Куинси сделал шаг вперед, поднял руку, как будто собирался дотянуться до Трумэна, а затем снова уронил ее вдоль туловища и опустил глаза в пол.
Трумэн не мог это так оставить. Он шагнул вперед и обнял брата. Руки Куинси остались висеть по бокам, и сердце Трумэна снова рухнуло. Когда он отпустил его, руки брата обвились вокруг него и из глаз Трумэна чуть не хлынули слезы. Буквально. Если бы кто-нибудь мог заставить его выглядеть довольным как кот, то сейчас это был Куинси.
Объятие длилось секунду, может, три. Достаточно для того, чтобы заставить Трумэна вздрогнуть. Куинси отступил назад и, нервничая, помахал в сторону стульев:
– Мы должны…
– Да, – Трумэн сел на стул, облегченно изменив свое поведение. – Послушай, извини, что прошлый раз тебя расстроил.
– Не переживай, чувак. Все хорошо, – он заправил прядь волос за ухо.
Это простое движение обрушило лавину воспоминаний на Трумэна. Он откинулся назад, и ему показалось, будто он увидел привидение. Куинси ненавидел время, когда Трумэн заставлял его стричь волосы, у него была дурацкая привычка заправлять волосы за ухо. Как столь незначительное может казаться невероятно важным? Знак свыше? Неужели его брат, снова станет тем человеком, которого он когда-то знал?
– Как дети? – спросил Куинси, снова привлекая внимание Трумэна.
– Хорошо. Отлично, если быть честным. Вообще-то, они – причина того, почему я здесь.
Куинси кивнул.
– Я много думал о них. То, как они жили, и то, что имеют сейчас, – он отвернулся, – Я…
– Куин, прошу, не надо. Не делай этого с собой.
Он поднял свои печальные глаза на Трумэна.
– Я сильно отравил их жизнь?
– Нет, – ответил он решительно. – Ты ничего не испортил. У них хорошая жизнь. Они счастливы, Куин. Они чертовски счастливы, – неожиданные слезы полились из глаз
Трумэна, и его брат отвернулся, увидев влагу в его глазах. Трумэн прочистил горло, пытаясь восстановить контроль над эмоциями.
– Хорошо. Она не принимала наркотики, когда была беременна. Все из-за того парня, – он взглянул на Трумэна своими синими глазами, которые были сужены и серьезны. – Ты не захочешь знать, как это было, но она сделала это, мужик.

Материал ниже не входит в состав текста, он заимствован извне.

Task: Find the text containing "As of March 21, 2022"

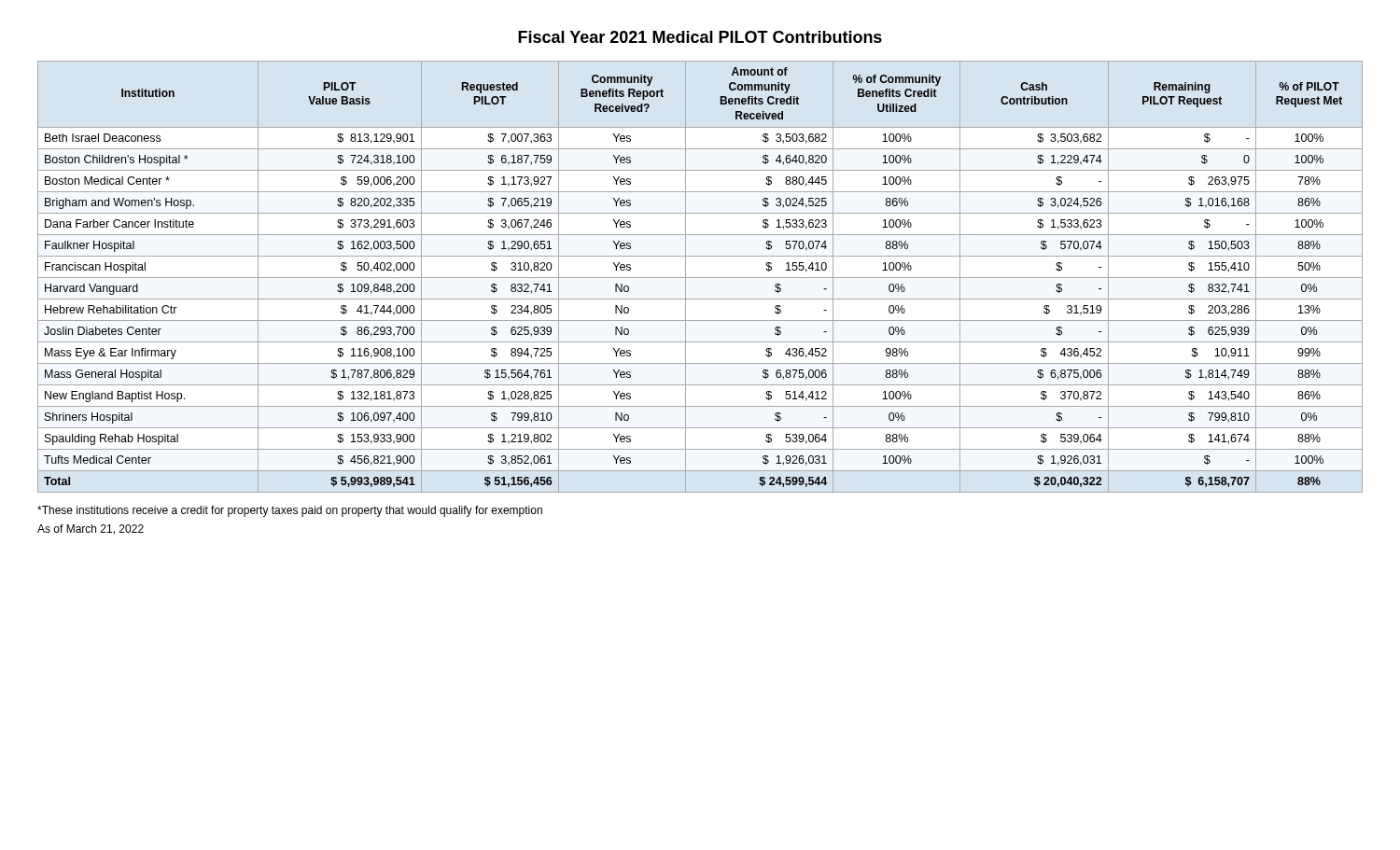Action: pyautogui.click(x=91, y=529)

Этот чувак был каким-то врачом, который перестал разговаривать или что-то вроде этого. Я не знаю. Он не был полным ничтожеством. Но всегда знал, что делать. Он помог ей удержаться, но когда она родила, – он покачал головой с отвращением на лице, – он был там, давая ей наркотики, – слезы наполнили его глаза, и брат сердито на него взглянул, – но дети родились здоровыми. И теперь все хорошо, правда?

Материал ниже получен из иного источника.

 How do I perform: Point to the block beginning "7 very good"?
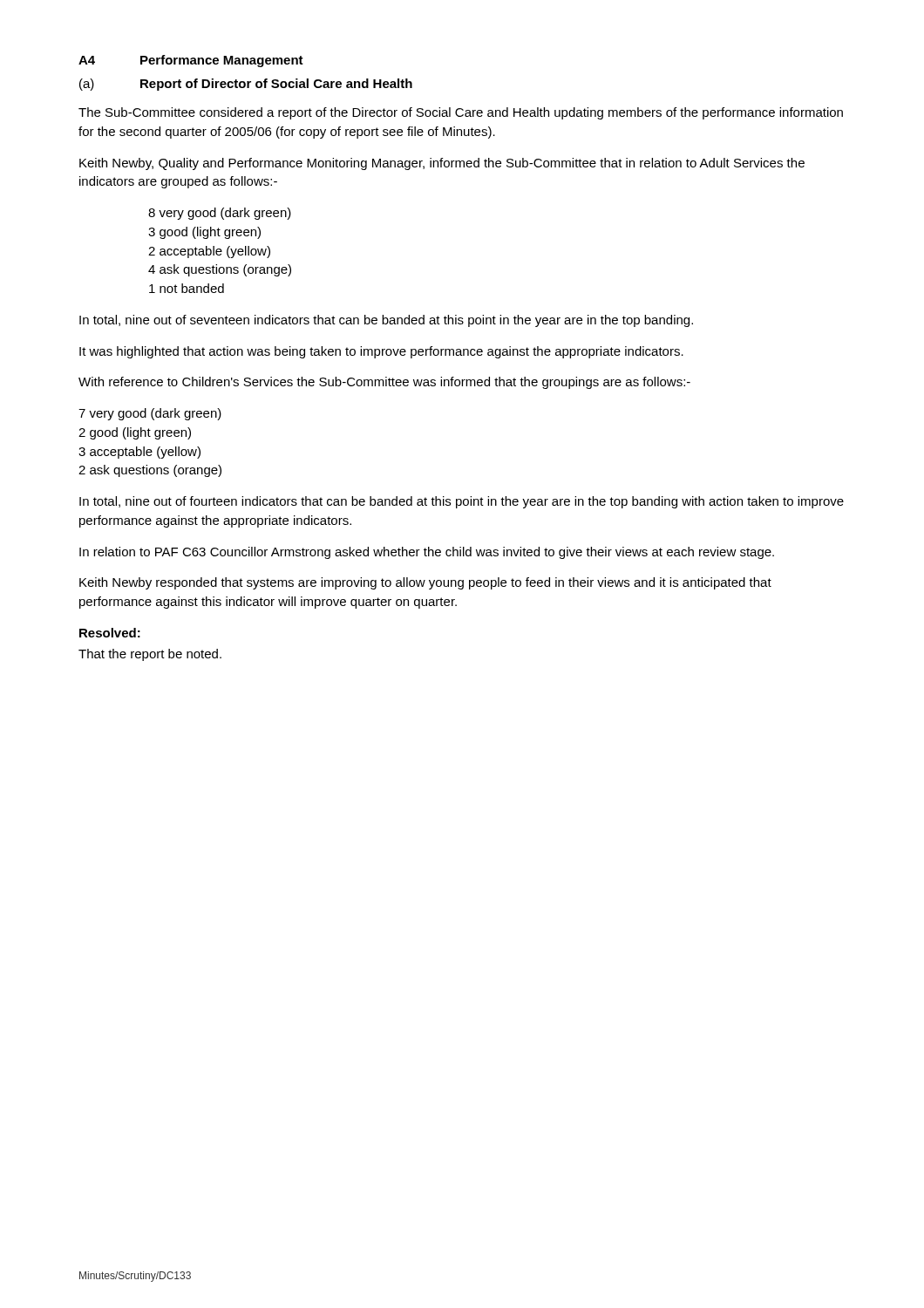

– Да, – сказал Трумэн, вытирая слезы, слезы гнева за то, что их мать заставила пережить Куинси, детей, и его самого. Он потянулся к Куинси, и его брат с готовностью упал в его объятия и плакал уже открыто.
– Прости, Тру. Я должен… Ты никогда бы не…

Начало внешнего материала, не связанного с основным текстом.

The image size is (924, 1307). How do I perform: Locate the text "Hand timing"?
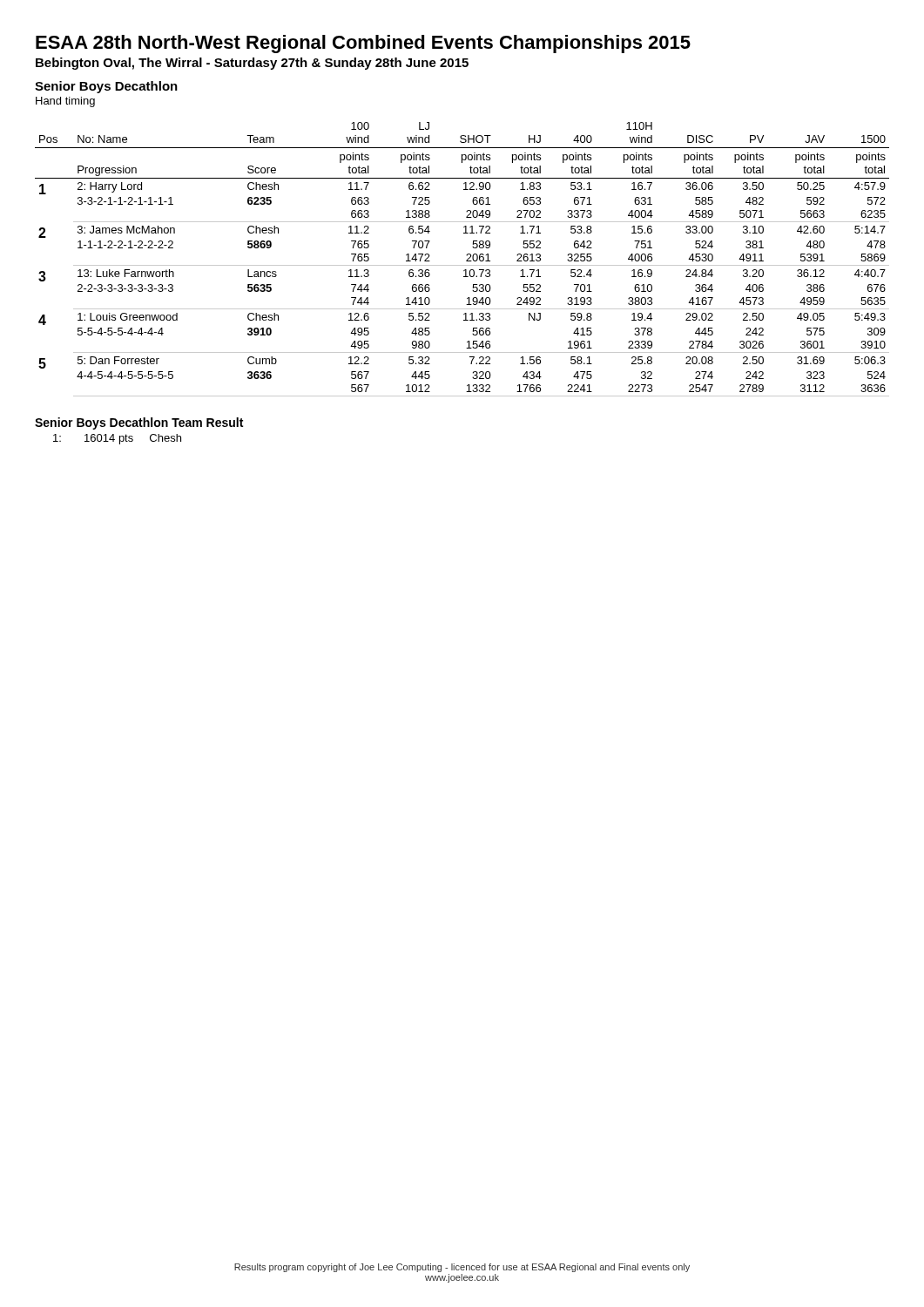click(x=65, y=101)

Трумэн взял его лицо в ладони и заставил заглянуть себе в глаза, как он делал очень много раз, когда они были еще детьми.
– Не надо. Даже на секунду. Прошлое ― это прошлое, и мы ничего не можем сделать, чтобы его изменить. Твоя жизнь начинается сейчас. Здесь. Твое прошлое больше не будет определять твое будущее, младший брат. Ты меня понял?
Куинси схватил его за запястья, слезы текли по его щекам.
– Как ты можешь смотреть на меня после того, как я разрушил твою жизнь?
Все, что Трумэну оставалось сделать в этой ситуации, это коснуться губами лба Куинси и закрыть глаза, чтобы дать ему понять, что в том, что случилось с ним, он не виноват и пусть не пытается это изменить.
– Черт побери, – он отшатнулся, уставившись на душераздирающую виноватую гримасу на лице его брата. – Она сделала это. Не ты. Не я. Это все сделала она. Она привела этого ублюдка к нам в дом и еще сто других ему подобных, и это она подвергла нашу жизнь опасности. Ты это понимаешь, Куин? Ты понимаешь, кто именно виноват?
Он кивнул, сжав зубы и часто дыша.
– Да, но я все еще чувствую на себе вину за произошедшее.
Трумэн поцеловал его в лоб, а затем отпустил.
Куинси рассмеялся и покачал головой. Он стер дорожки слез и улыбнулся.
– Чувак, мы как пара подружек.
Они оба рассмеялись, и парень явно почувствовал себя лучше. Его брат вернулся. Он начал выходить из-под наркотического облака наркотиков и появился на радаре. Трумэн должен был спросить, что заставит его двигаться в правильном направлении дальше. Он должен это сделать. Ради всех.
– Хочешь снять свою вину?
Куинси поднял брови.
– Черт, да.
– Тогда окажи мне и детям услугу. Очистись и больше не принимай наркотики. Мне нужна твоя помощь, мужик.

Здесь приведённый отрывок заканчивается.